LISTED ENTRIES:
┌────────

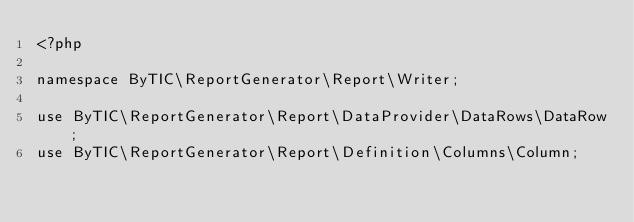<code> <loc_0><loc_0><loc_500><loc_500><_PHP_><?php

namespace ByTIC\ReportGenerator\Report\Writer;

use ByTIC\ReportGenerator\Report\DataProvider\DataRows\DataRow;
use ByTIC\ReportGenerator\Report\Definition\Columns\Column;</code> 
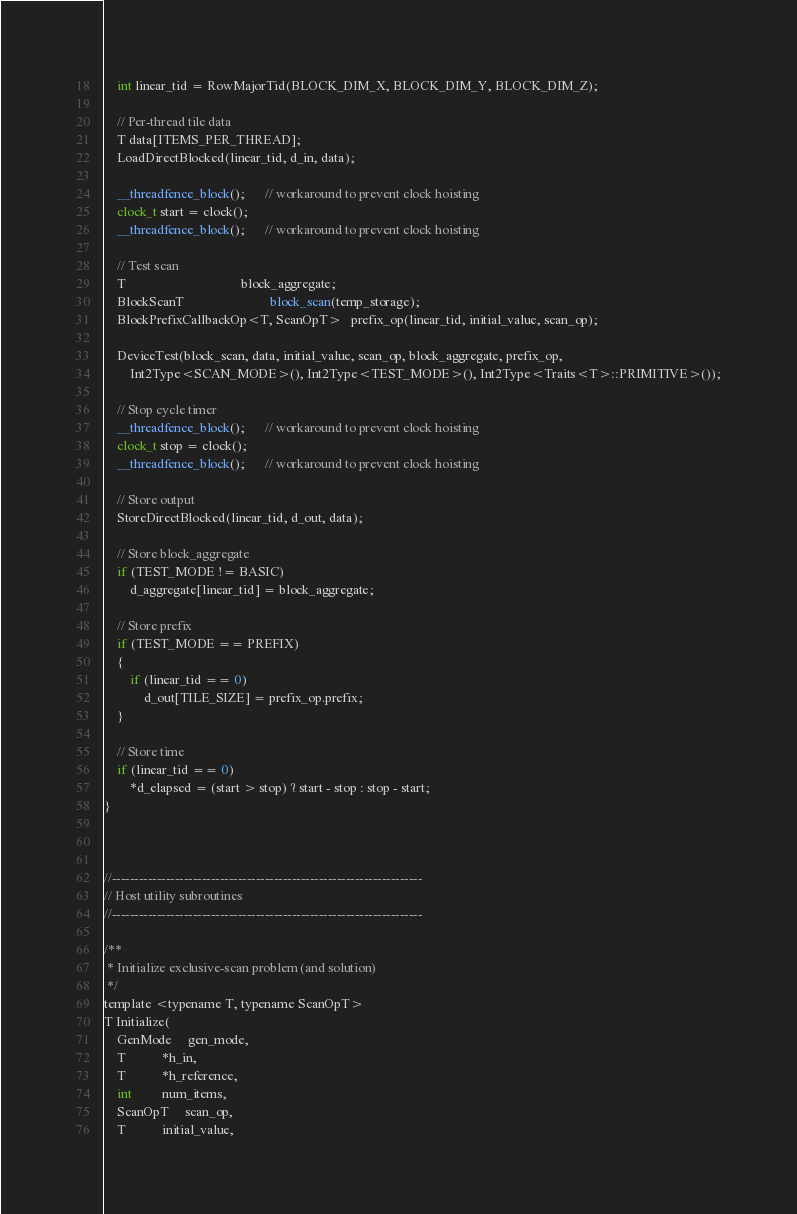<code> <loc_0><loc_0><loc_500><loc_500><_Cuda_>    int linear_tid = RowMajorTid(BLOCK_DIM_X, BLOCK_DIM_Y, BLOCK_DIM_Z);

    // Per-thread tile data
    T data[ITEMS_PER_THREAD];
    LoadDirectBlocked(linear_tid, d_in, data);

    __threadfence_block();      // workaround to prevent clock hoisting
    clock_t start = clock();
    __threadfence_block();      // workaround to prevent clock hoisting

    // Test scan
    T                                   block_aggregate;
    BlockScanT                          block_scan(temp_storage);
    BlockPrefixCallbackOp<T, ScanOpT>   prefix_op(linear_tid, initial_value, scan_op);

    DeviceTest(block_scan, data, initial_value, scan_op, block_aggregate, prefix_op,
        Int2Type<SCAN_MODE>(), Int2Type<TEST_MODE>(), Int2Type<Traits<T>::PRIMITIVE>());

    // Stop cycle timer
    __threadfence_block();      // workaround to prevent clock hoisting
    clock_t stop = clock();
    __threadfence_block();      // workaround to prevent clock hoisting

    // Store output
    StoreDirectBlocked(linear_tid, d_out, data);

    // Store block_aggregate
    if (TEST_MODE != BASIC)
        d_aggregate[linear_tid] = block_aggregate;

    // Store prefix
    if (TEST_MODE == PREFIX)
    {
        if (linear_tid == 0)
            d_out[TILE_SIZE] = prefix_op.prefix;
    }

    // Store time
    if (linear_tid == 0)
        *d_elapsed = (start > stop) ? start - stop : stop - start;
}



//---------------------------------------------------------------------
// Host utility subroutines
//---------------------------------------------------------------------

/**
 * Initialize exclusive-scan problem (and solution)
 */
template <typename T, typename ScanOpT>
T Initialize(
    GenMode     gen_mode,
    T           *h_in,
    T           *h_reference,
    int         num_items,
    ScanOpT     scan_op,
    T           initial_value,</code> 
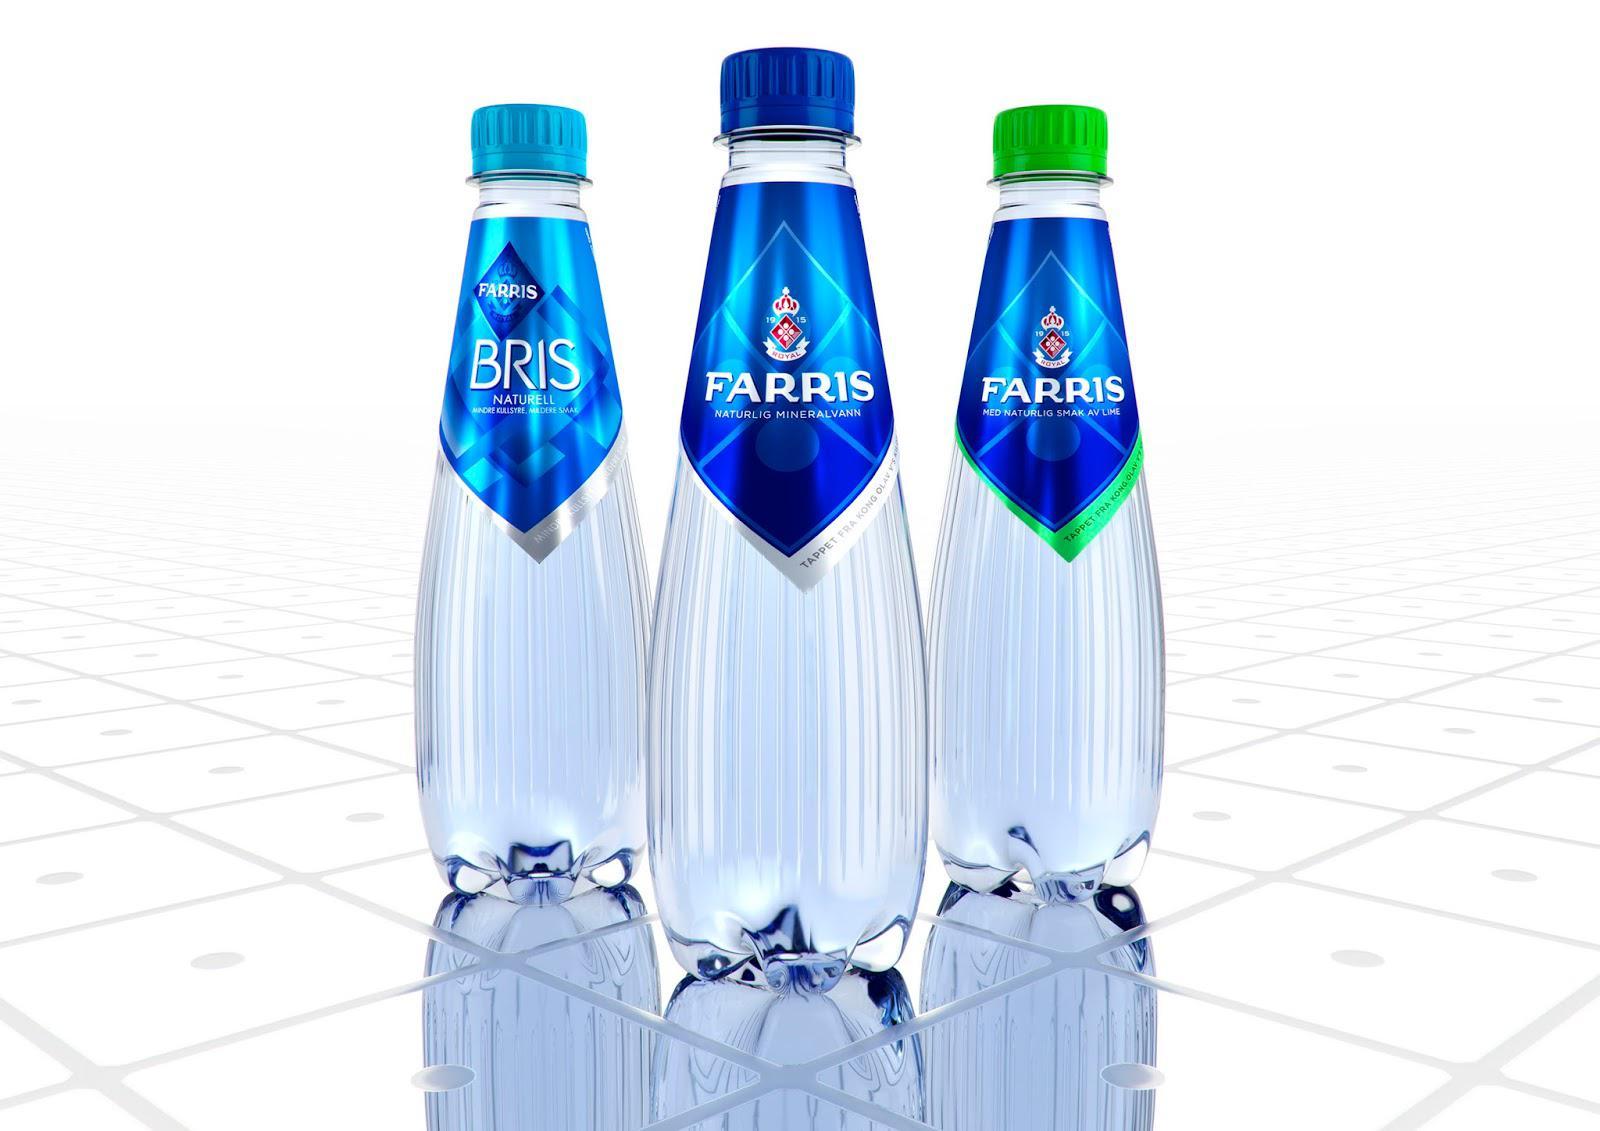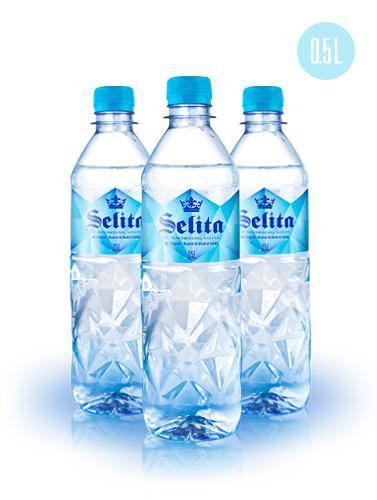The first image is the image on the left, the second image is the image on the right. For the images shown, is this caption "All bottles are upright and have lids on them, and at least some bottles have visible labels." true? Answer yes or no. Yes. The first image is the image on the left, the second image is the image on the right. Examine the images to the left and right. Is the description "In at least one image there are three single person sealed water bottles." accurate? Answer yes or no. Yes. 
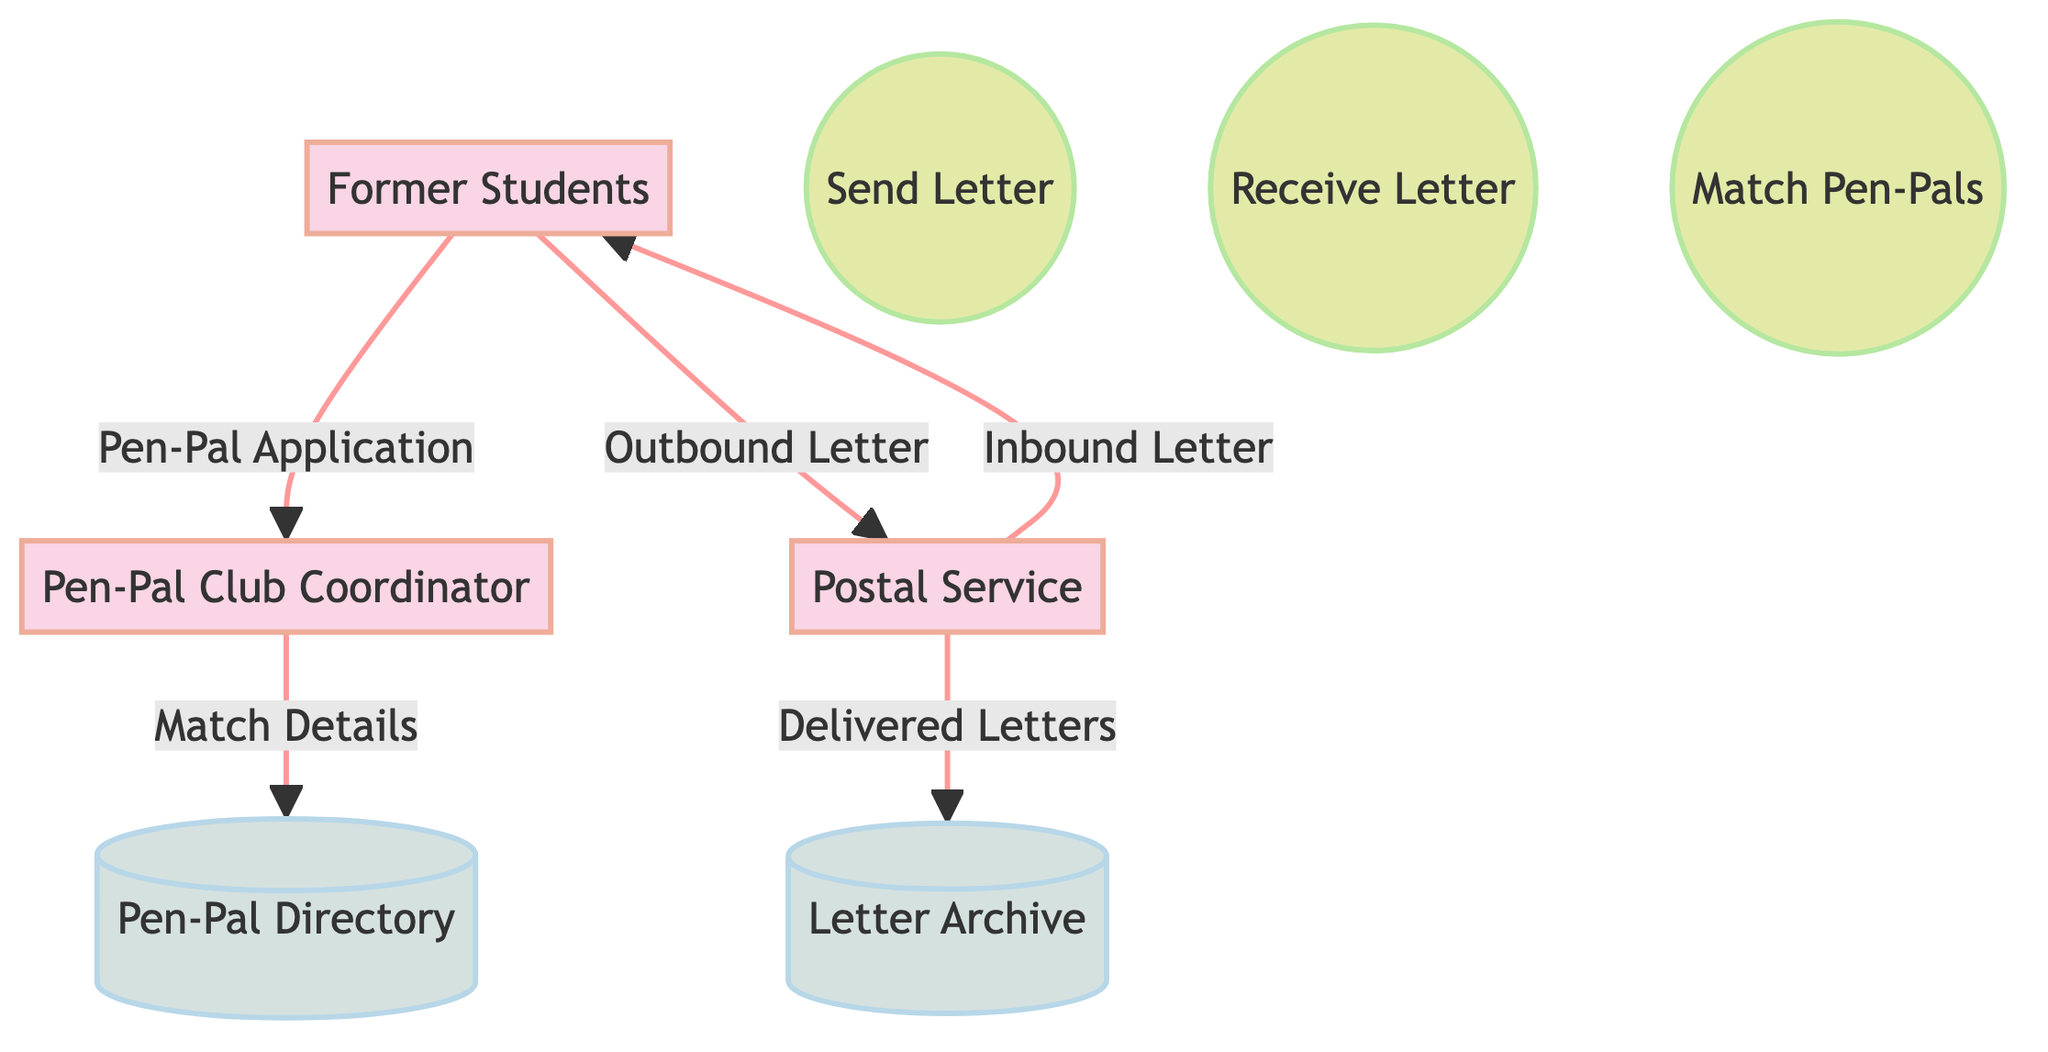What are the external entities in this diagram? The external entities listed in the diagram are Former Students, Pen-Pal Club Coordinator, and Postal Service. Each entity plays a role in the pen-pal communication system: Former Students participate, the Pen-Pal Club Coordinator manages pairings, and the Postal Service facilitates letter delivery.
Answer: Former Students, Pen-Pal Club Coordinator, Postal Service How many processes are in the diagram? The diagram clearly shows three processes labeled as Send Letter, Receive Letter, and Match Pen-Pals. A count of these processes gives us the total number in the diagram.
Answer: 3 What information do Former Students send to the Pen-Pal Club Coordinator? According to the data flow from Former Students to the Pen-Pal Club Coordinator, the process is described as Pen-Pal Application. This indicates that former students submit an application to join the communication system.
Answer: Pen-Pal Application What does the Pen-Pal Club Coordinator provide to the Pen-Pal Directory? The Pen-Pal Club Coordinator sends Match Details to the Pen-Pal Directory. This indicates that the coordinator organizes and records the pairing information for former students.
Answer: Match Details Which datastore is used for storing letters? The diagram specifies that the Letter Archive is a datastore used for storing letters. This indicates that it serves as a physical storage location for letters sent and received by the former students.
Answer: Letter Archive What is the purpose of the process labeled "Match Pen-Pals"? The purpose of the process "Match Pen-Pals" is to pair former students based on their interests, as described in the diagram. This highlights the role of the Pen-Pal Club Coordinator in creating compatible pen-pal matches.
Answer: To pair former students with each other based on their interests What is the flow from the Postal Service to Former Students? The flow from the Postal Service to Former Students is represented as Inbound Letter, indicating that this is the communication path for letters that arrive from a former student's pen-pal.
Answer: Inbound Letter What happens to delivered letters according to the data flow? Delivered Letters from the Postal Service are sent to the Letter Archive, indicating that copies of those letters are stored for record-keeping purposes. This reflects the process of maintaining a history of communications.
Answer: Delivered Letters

└────────

EXERCISE DETAILS: Retype the full listing above precisely. Exclude each picture you find in it.

ANSWER AREA:
<code> <loc_0><loc_0><loc_500><loc_500><_PHP_><?php

namespace ByTIC\ReportGenerator\Report\Writer;

use ByTIC\ReportGenerator\Report\DataProvider\DataRows\DataRow;
use ByTIC\ReportGenerator\Report\Definition\Columns\Column;</code> 
<code> <loc_0><loc_0><loc_500><loc_500><_Cuda_>    int linear_tid = RowMajorTid(BLOCK_DIM_X, BLOCK_DIM_Y, BLOCK_DIM_Z);

    // Per-thread tile data
    T data[ITEMS_PER_THREAD];
    LoadDirectBlocked(linear_tid, d_in, data);

    __threadfence_block();      // workaround to prevent clock hoisting
    clock_t start = clock();
    __threadfence_block();      // workaround to prevent clock hoisting

    // Test scan
    T                                   block_aggregate;
    BlockScanT                          block_scan(temp_storage);
    BlockPrefixCallbackOp<T, ScanOpT>   prefix_op(linear_tid, initial_value, scan_op);

    DeviceTest(block_scan, data, initial_value, scan_op, block_aggregate, prefix_op,
        Int2Type<SCAN_MODE>(), Int2Type<TEST_MODE>(), Int2Type<Traits<T>::PRIMITIVE>());

    // Stop cycle timer
    __threadfence_block();      // workaround to prevent clock hoisting
    clock_t stop = clock();
    __threadfence_block();      // workaround to prevent clock hoisting

    // Store output
    StoreDirectBlocked(linear_tid, d_out, data);

    // Store block_aggregate
    if (TEST_MODE != BASIC)
        d_aggregate[linear_tid] = block_aggregate;

    // Store prefix
    if (TEST_MODE == PREFIX)
    {
        if (linear_tid == 0)
            d_out[TILE_SIZE] = prefix_op.prefix;
    }

    // Store time
    if (linear_tid == 0)
        *d_elapsed = (start > stop) ? start - stop : stop - start;
}



//---------------------------------------------------------------------
// Host utility subroutines
//---------------------------------------------------------------------

/**
 * Initialize exclusive-scan problem (and solution)
 */
template <typename T, typename ScanOpT>
T Initialize(
    GenMode     gen_mode,
    T           *h_in,
    T           *h_reference,
    int         num_items,
    ScanOpT     scan_op,
    T           initial_value,</code> 
The first image is the image on the left, the second image is the image on the right. For the images shown, is this caption "All bottles are upright and have lids on them, and at least some bottles have visible labels." true? Answer yes or no. Yes. The first image is the image on the left, the second image is the image on the right. Examine the images to the left and right. Is the description "In at least one image there are three single person sealed water bottles." accurate? Answer yes or no. Yes. 
What are the external entities in this diagram? The external entities listed in the diagram are Former Students, Pen-Pal Club Coordinator, and Postal Service. Each entity plays a role in the pen-pal communication system: Former Students participate, the Pen-Pal Club Coordinator manages pairings, and the Postal Service facilitates letter delivery.
Answer: Former Students, Pen-Pal Club Coordinator, Postal Service How many processes are in the diagram? The diagram clearly shows three processes labeled as Send Letter, Receive Letter, and Match Pen-Pals. A count of these processes gives us the total number in the diagram.
Answer: 3 What information do Former Students send to the Pen-Pal Club Coordinator? According to the data flow from Former Students to the Pen-Pal Club Coordinator, the process is described as Pen-Pal Application. This indicates that former students submit an application to join the communication system.
Answer: Pen-Pal Application What does the Pen-Pal Club Coordinator provide to the Pen-Pal Directory? The Pen-Pal Club Coordinator sends Match Details to the Pen-Pal Directory. This indicates that the coordinator organizes and records the pairing information for former students.
Answer: Match Details Which datastore is used for storing letters? The diagram specifies that the Letter Archive is a datastore used for storing letters. This indicates that it serves as a physical storage location for letters sent and received by the former students.
Answer: Letter Archive What is the purpose of the process labeled "Match Pen-Pals"? The purpose of the process "Match Pen-Pals" is to pair former students based on their interests, as described in the diagram. This highlights the role of the Pen-Pal Club Coordinator in creating compatible pen-pal matches.
Answer: To pair former students with each other based on their interests What is the flow from the Postal Service to Former Students? The flow from the Postal Service to Former Students is represented as Inbound Letter, indicating that this is the communication path for letters that arrive from a former student's pen-pal.
Answer: Inbound Letter What happens to delivered letters according to the data flow? Delivered Letters from the Postal Service are sent to the Letter Archive, indicating that copies of those letters are stored for record-keeping purposes. This reflects the process of maintaining a history of communications.
Answer: Delivered Letters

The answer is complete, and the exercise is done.